Task directions: Check each line of the entries. Copy the ones that contain the string "wide".

______________________________

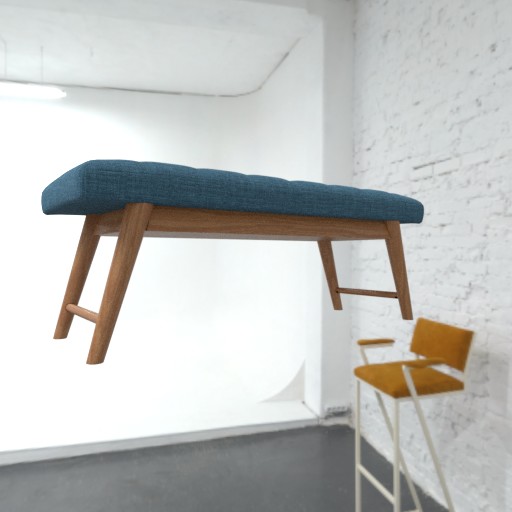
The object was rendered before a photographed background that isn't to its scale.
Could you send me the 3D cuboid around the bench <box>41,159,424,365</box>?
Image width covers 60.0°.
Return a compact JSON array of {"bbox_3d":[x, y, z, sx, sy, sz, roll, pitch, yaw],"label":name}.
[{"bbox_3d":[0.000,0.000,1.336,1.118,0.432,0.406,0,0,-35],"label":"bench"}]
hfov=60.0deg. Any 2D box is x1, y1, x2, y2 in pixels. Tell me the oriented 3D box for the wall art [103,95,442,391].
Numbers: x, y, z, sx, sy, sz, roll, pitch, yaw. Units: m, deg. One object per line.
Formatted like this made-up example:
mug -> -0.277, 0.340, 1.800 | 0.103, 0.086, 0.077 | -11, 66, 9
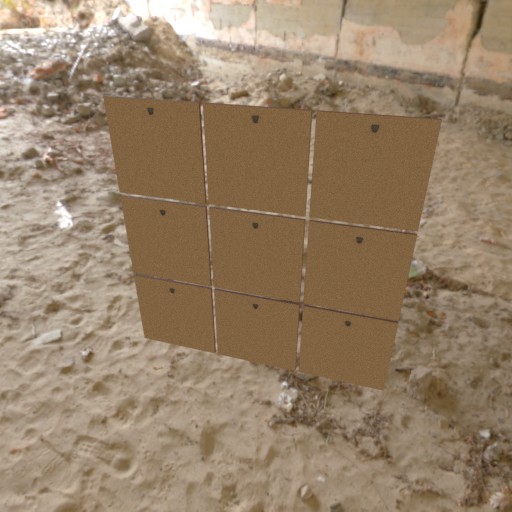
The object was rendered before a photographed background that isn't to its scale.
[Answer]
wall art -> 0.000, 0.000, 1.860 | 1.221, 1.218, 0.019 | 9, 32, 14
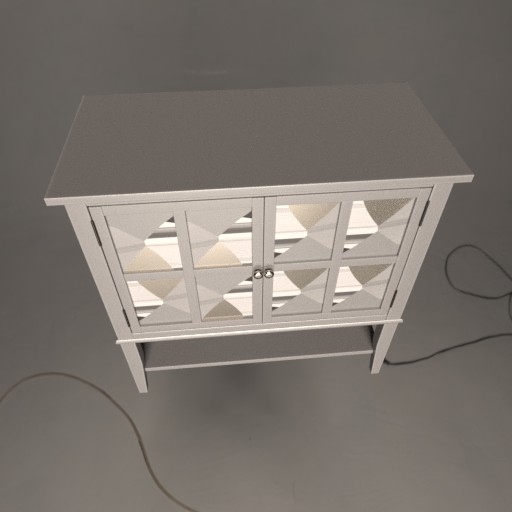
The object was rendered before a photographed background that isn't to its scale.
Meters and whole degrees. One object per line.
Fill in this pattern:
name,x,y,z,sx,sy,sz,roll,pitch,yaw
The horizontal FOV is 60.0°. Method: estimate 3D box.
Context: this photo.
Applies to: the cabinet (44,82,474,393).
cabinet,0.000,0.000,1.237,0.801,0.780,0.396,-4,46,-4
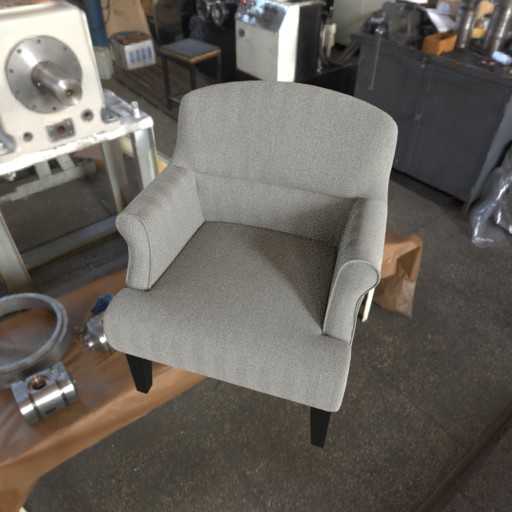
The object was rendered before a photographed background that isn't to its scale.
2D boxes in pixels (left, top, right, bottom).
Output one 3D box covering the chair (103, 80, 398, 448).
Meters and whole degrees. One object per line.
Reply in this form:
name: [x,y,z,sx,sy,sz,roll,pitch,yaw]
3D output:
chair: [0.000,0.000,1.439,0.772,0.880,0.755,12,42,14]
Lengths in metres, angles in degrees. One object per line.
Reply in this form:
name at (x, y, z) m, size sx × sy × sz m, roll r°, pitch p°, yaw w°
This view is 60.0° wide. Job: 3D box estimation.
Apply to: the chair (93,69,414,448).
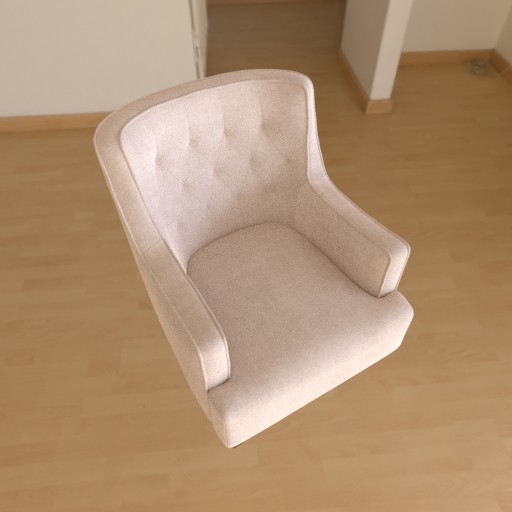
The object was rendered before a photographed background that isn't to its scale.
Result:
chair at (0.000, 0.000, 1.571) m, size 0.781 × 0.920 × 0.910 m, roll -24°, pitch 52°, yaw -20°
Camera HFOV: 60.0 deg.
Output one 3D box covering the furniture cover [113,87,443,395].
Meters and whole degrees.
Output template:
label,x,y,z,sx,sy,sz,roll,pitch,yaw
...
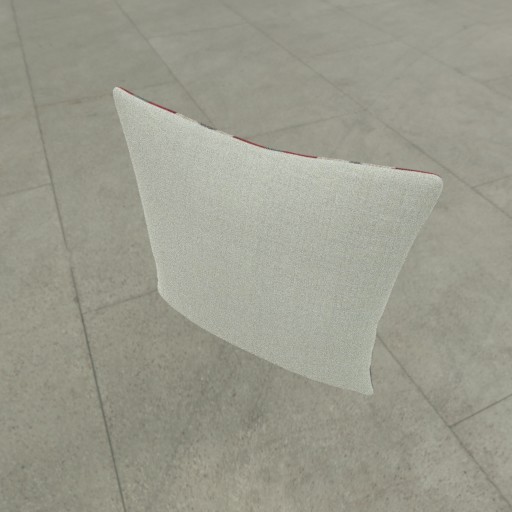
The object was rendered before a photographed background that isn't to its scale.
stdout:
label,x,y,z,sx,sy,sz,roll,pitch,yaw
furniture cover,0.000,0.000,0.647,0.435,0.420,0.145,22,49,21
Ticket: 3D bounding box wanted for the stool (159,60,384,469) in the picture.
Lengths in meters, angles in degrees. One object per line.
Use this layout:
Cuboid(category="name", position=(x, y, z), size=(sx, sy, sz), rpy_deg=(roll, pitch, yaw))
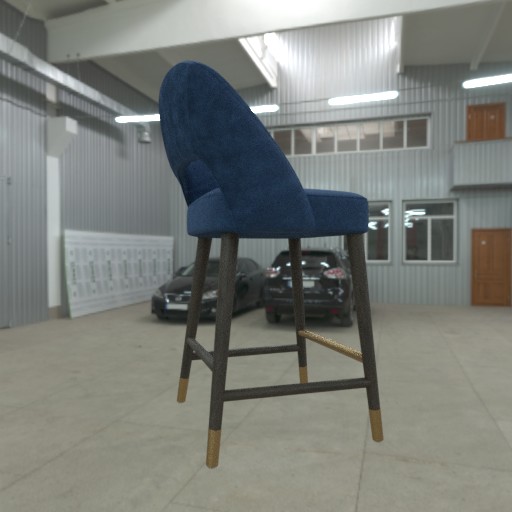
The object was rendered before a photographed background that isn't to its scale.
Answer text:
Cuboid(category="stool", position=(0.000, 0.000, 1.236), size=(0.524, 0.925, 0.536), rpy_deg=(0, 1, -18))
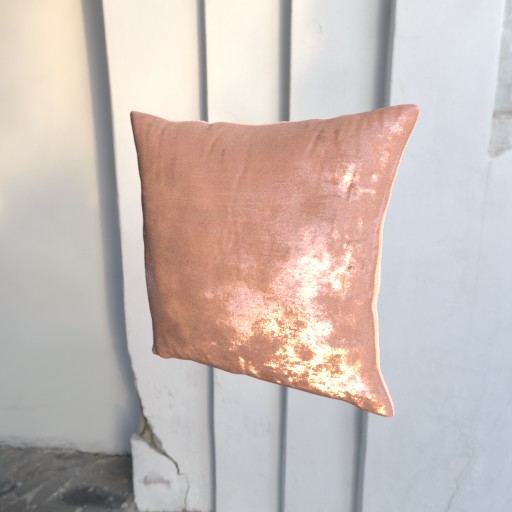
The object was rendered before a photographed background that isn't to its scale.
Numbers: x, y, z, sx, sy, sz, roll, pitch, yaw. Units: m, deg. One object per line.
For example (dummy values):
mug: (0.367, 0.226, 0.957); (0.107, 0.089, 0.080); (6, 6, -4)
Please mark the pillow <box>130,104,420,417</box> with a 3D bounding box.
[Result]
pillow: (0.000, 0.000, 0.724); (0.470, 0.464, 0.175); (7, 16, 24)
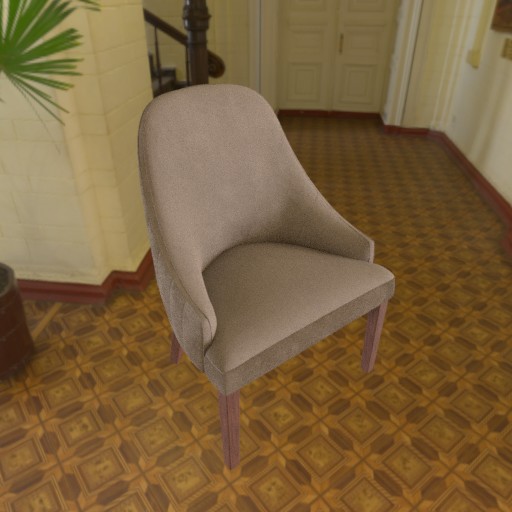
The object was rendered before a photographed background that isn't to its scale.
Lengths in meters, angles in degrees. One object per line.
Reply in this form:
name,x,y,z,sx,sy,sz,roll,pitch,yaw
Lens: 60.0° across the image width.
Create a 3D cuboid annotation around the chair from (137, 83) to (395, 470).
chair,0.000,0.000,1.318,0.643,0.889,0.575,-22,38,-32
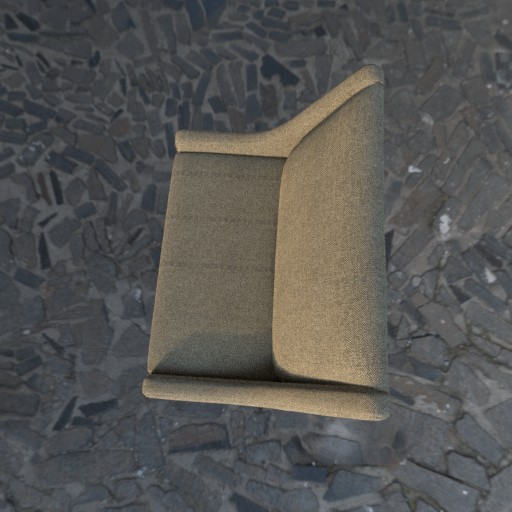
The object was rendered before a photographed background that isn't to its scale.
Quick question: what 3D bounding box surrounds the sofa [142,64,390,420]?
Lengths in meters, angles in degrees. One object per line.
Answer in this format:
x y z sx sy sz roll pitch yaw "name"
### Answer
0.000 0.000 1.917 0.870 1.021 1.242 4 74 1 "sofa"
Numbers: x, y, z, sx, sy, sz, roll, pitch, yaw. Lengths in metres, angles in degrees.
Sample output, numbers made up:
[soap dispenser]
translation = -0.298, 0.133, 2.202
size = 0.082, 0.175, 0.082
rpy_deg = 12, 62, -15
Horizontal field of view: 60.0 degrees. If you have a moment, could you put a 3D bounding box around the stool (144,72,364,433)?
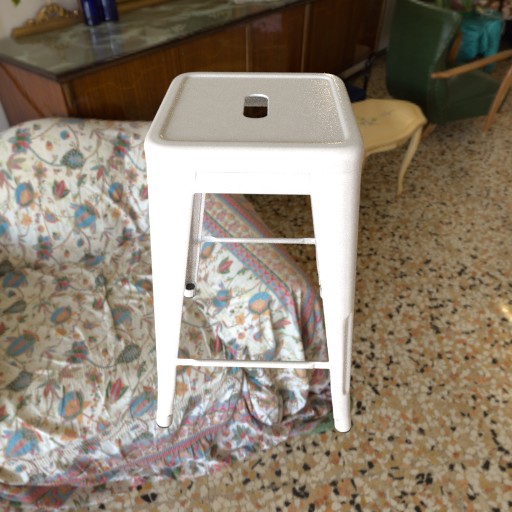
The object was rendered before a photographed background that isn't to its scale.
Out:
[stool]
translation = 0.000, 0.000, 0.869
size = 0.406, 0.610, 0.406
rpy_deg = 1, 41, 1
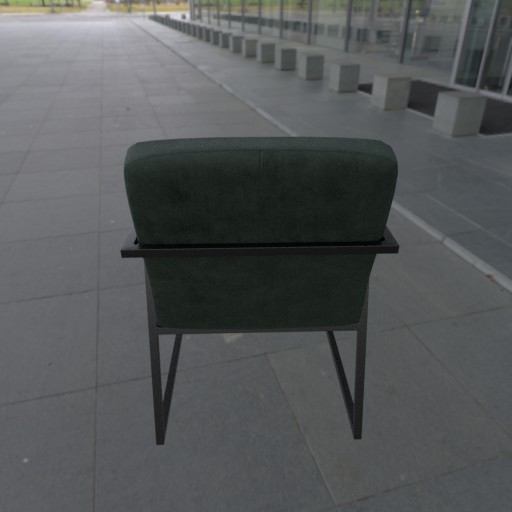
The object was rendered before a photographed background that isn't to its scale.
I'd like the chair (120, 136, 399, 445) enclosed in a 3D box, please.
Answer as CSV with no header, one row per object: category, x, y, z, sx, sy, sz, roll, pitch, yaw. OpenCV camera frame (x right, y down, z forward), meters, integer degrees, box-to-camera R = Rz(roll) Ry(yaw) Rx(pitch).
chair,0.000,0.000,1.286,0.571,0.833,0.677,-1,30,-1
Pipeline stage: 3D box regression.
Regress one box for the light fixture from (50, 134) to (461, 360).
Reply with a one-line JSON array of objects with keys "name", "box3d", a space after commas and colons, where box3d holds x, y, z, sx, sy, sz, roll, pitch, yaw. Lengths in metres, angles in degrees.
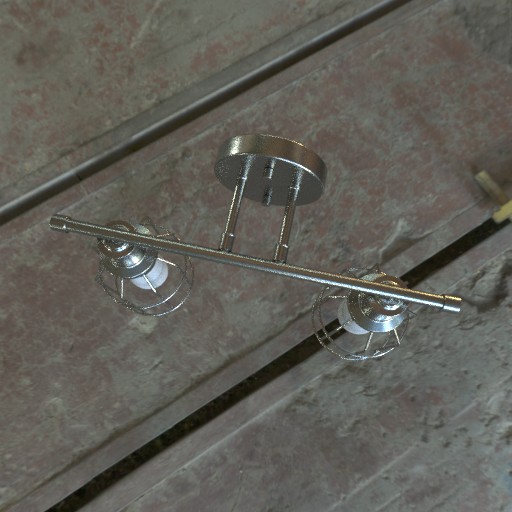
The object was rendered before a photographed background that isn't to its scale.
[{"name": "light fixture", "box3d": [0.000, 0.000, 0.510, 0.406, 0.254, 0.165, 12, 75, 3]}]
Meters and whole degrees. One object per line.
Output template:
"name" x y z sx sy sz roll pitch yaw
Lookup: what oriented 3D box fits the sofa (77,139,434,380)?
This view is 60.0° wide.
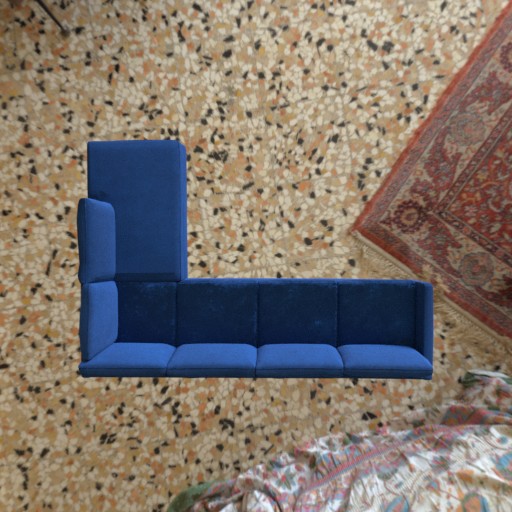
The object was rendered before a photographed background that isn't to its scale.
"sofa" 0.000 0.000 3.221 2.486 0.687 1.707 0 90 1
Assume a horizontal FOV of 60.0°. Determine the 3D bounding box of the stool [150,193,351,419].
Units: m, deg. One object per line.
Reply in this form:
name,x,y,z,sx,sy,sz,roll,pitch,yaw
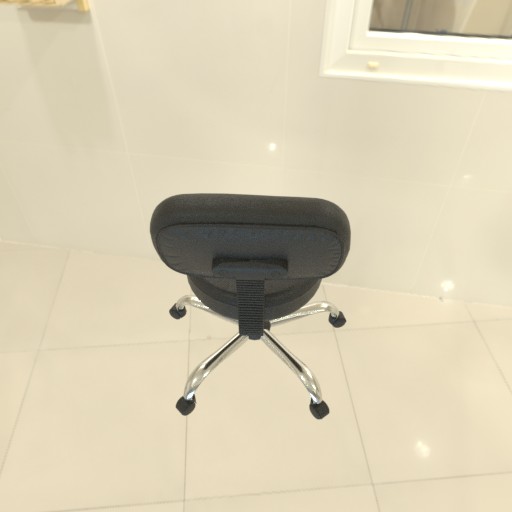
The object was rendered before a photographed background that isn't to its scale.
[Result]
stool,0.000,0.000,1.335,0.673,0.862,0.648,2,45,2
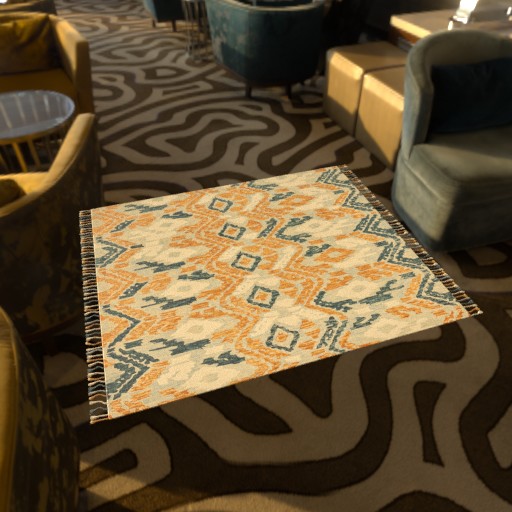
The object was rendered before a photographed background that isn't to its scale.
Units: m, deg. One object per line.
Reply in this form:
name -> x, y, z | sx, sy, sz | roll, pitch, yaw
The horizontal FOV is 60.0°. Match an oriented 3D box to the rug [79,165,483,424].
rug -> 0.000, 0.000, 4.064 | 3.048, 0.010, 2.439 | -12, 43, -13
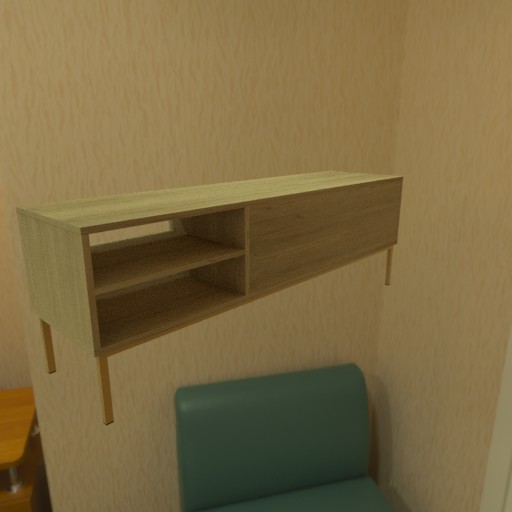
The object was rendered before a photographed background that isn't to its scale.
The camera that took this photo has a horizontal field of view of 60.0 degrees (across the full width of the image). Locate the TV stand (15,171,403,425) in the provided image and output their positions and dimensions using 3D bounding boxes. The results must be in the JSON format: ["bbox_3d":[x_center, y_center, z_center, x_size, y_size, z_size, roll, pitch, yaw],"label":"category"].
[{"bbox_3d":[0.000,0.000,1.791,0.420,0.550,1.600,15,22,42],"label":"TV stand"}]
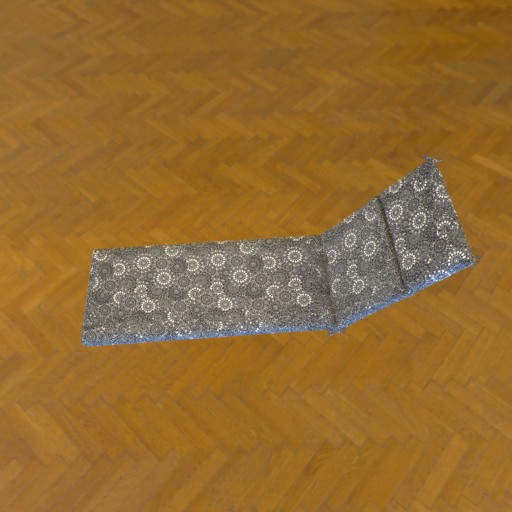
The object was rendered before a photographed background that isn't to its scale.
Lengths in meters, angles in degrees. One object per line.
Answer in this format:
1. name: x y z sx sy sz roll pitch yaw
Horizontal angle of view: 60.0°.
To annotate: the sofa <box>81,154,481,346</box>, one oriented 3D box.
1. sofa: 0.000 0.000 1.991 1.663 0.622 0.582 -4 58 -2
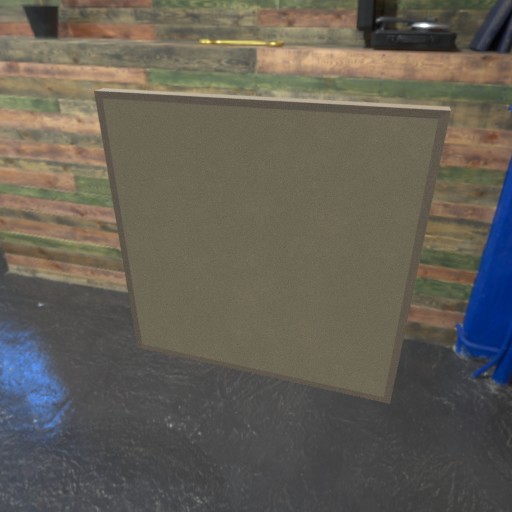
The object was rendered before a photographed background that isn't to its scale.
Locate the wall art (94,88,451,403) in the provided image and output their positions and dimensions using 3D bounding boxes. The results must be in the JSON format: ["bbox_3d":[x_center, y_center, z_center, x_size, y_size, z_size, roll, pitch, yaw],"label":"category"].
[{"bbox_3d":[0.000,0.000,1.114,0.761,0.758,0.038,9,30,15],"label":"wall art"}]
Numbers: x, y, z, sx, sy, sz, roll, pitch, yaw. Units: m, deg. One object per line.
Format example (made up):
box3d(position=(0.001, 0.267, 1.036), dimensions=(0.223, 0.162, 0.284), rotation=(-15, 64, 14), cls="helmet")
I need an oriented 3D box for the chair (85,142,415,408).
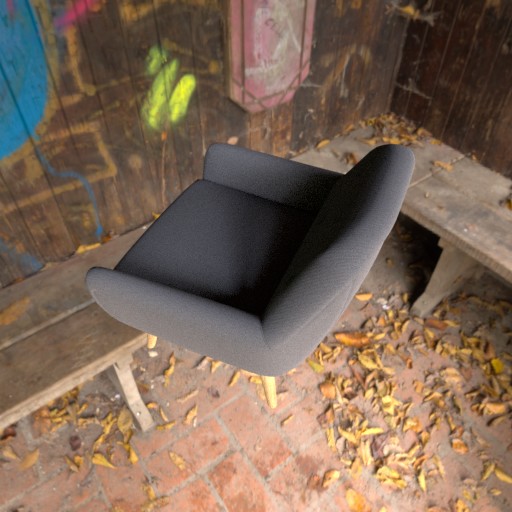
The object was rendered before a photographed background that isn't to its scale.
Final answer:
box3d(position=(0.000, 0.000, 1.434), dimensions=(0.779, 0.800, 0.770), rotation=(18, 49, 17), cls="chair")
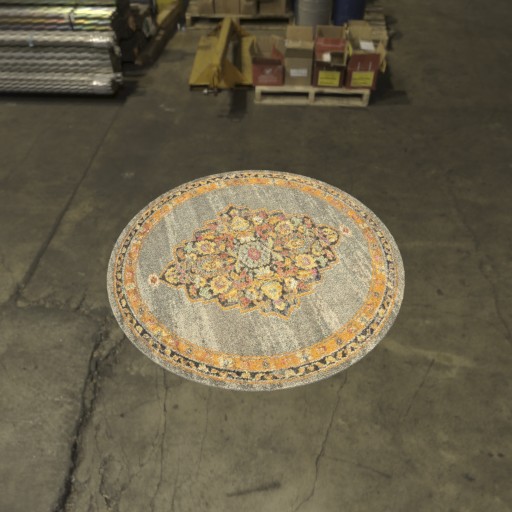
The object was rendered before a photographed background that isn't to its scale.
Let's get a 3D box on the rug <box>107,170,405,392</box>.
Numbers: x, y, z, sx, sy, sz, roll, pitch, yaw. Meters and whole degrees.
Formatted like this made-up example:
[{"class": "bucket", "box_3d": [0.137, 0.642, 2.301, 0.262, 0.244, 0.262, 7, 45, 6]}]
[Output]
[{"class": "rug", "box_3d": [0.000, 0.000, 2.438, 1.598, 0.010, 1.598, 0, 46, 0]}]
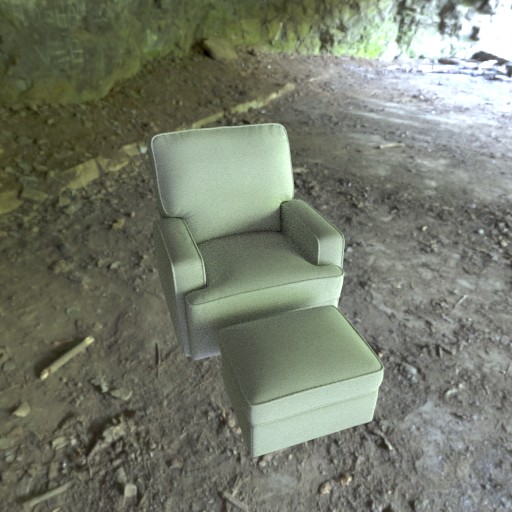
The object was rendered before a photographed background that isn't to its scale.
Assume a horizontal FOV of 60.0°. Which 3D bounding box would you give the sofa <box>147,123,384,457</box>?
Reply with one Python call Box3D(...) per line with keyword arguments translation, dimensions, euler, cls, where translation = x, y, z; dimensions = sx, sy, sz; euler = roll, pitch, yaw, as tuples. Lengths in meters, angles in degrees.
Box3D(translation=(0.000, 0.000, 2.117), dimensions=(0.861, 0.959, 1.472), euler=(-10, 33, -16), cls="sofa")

______________________________

Solution to this problem:
This view is 60.0° wide. Job: 3D box estimation.
This view is 60.0° wide.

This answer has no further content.